Make a fist. Hold it as tightly as you can. Then take your other hand and press down with your index finger and other thumb on the bottom joint of your fisted thumb. What happened? Your fisted thumb came loose. Magic. Not really, it’s physiology – that’s just how the muscles work. Pretty cool. Early on – when Amichai was still a baby, his PT and OT gave me exercises to help open up his hand. Always start with the thumb they told me. Once you can get the thumb free, its easier to get the rest of the hand open.
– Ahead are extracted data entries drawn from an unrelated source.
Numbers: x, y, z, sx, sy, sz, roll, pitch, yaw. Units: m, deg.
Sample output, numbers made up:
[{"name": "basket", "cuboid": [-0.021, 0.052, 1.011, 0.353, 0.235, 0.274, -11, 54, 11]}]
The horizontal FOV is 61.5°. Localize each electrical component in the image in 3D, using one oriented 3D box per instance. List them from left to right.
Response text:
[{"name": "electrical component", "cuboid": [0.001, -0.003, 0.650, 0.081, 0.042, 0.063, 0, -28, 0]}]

But the thing is, I never taught Amichai this trick. He figured it out on his own. It was sometime last year, I was watching him try to collect some items and he needed two hands. Instinctively he took his left hand and pressed down on his right thumb – his hand opened, he placed the object in his right palm and carried on without missing a beat. I stood there a bit surprised, a bit dumbfounded, but thoroughly impressed. I would never have figured that one out on my own. I remember asking him what he did. He gave me a look that I fear I will see again in later years – a look I give still give my own parents when it seems like they have just asked me the most ridiculous question imaginable. The only thing missing was the eye roll. He stared me down and simply said – I was helping my right hand Mommy.

Right. Duh.

For over a year now, Amichai has used this trick to get his hand open. At first, his OT wasn’t bothered by it, but after giving it more thought – she decided she wasn’t so thrilled. She feels he has the capacity to open his hand without the help – he doesn’t need the trick. And truth be told, Amichai has become quite proficient at opening his right hand independently to grasp smaller or thinner objects. The fact that he can do this almost effortlessly today is directly attributed to the countless hours Amichai’s OT has spent working with him and even more importantly – her belief in him that he CAN do it. It is a gift to work with professionals who believe as deeply as I do in Amichai’s capabilities.
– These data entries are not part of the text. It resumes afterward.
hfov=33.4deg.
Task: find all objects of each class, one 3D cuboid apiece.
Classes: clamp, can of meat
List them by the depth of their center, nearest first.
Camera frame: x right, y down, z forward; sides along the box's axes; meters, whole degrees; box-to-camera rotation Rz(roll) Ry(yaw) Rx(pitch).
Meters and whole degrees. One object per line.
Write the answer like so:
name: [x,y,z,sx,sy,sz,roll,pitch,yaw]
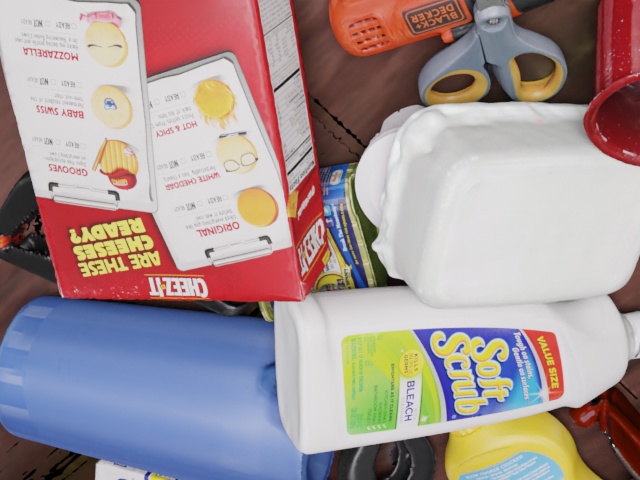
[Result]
can of meat: [-0.005,0.001,0.723,0.084,0.057,0.102,-8,119,16]
clamp: [-0.148,-0.005,0.743,0.210,0.036,0.164,-16,106,34]
clamp: [0.044,0.205,0.811,0.039,0.120,0.171,6,112,61]

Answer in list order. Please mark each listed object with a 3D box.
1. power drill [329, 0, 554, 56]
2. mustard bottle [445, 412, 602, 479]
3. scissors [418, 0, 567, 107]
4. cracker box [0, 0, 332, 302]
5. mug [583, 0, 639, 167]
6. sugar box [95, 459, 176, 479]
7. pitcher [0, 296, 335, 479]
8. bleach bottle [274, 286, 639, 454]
power drill: [0.060,-0.191,0.563,0.185,0.057,0.187,-15,130,26]
mustard bottle: [0.149,0.172,0.789,0.096,0.058,0.191,-29,111,33]
scissors: [0.077,-0.114,0.580,0.096,0.016,0.201,-16,158,24]
cracker box: [-0.090,-0.074,0.619,0.164,0.072,0.214,0,115,20]
mug: [0.202,-0.096,0.573,0.117,0.081,0.093,1,152,13]
sugar box: [-0.087,0.222,0.810,0.176,0.048,0.093,10,105,10]
pitcher: [-0.104,0.116,0.786,0.243,0.144,0.149,8,111,13]
bleach bottle: [0.100,0.067,0.676,0.250,0.068,0.102,-7,107,-16]

Amichai’s OT is top rate. I trust and follow her advice. I encourage Amichai to open his right hand without the help of his left hand as she has instructed, but honestly – and at the risk of getting lectured by her – I don’t necessarily discourage the trick. The irony is not lost on me. I’m the person who will never choose the short cut. I put my head down and just go to work. I preach that hard work will pay off. And when it comes to Amichai’s therapies, I have always made sure that the people working with him know its ok to push him. Bring it.
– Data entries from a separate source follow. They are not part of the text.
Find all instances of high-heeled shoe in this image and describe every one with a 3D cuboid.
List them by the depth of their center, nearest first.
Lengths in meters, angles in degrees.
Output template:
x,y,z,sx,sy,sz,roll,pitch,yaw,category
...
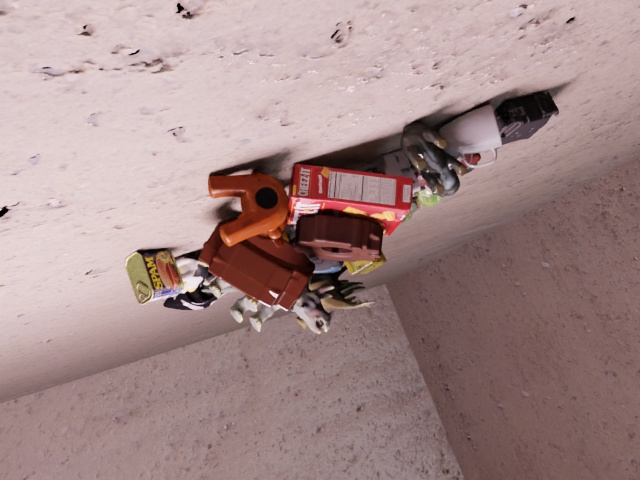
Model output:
x,y,z,sx,sy,sz,roll,pitch,yaw,category
-0.304,0.121,1.432,0.249,0.086,0.145,-23,167,-13,high-heeled shoe

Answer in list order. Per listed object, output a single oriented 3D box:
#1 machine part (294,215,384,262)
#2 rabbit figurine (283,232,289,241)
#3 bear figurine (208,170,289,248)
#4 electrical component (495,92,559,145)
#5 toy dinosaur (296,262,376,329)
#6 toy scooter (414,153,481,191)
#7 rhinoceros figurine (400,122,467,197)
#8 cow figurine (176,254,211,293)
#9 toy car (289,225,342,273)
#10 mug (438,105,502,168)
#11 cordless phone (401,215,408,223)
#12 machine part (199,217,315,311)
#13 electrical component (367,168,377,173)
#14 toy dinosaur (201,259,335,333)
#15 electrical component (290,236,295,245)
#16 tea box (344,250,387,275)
x,y,z,sx,sy,sz,roll,pitch,yaw,category
0.033,0.001,1.019,0.179,0.056,0.179,7,168,1,machine part
-0.128,0.024,1.222,0.162,0.121,0.173,-26,-173,17,rabbit figurine
-0.116,-0.044,0.921,0.132,0.120,0.196,-15,172,-13,bear figurine
0.391,-0.234,1.083,0.115,0.058,0.134,-15,167,-17,electrical component
0.009,0.130,1.381,0.198,0.105,0.472,-32,-163,-7,toy dinosaur
0.259,-0.170,1.101,0.184,0.075,0.135,-16,159,-14,toy scooter
0.206,-0.137,0.994,0.073,0.112,0.190,-48,135,2,rhinoceros figurine
-0.298,0.076,1.271,0.098,0.068,0.167,-26,170,-7,cow figurine
-0.004,0.002,1.333,0.109,0.161,0.103,-9,-143,29,toy car
0.282,-0.186,1.008,0.107,0.109,0.081,-13,177,20,mug
0.179,-0.105,1.251,0.146,0.089,0.184,-13,160,-35,cordless phone
-0.113,0.039,1.028,0.087,0.201,0.201,-59,179,11,machine part
0.120,-0.103,1.116,0.078,0.102,0.045,-28,168,-21,electrical component
-0.134,0.106,1.289,0.192,0.131,0.405,-36,-147,-27,toy dinosaur
-0.002,-0.004,1.204,0.119,0.075,0.048,24,164,-28,electrical component
0.082,-0.005,1.295,0.068,0.169,0.098,-32,164,24,tea box
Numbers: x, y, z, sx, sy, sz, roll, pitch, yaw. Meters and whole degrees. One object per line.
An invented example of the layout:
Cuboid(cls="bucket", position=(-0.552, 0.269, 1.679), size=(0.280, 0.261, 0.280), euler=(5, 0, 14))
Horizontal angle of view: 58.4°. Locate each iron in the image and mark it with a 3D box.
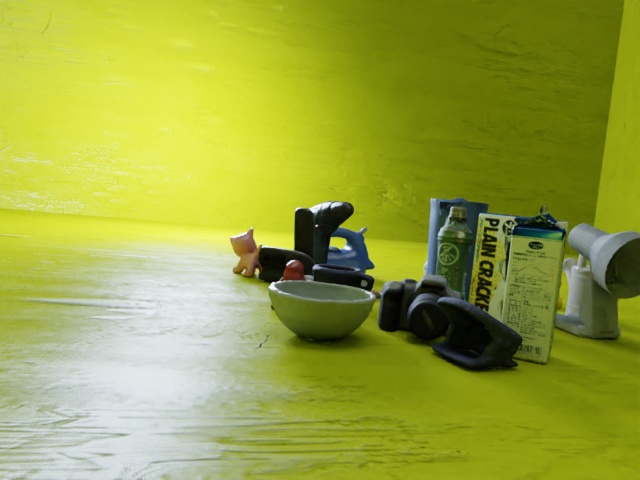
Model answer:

So why am I letting him off the hook? Because its not that he’s getting away with something – its that he’s figured a way out of the box. When our kids our stuck, we tell them to think and be inventive. We want them to be resourceful. More so, repeatedly I have heard from numerous physical and occupational therapists, that hemis (kids who are hemiplegic) are the hardest to work with – the reason being: they manage just fine. These kids have a functioning body and don’t want to be told how to hold something the right way or walk a certain way – they can figure it out with instincts and creativity…so move out their way.

What I’ve learned as a parent to one of these stubborn hemi kids, is that the real key is finding a balance between providing them with the necessary framework of therapies and then letting them adapt that framework to the real world. Understanding how to modify, revise and then modify again is an imperative lesson of life. Amichai is learning that now and it will serve him well… because in the real world, sometimes you need to be quick on your feet. Sometimes you just need to get the job done in whatever way you can. Sometimes you need a trick or two up your sleeve.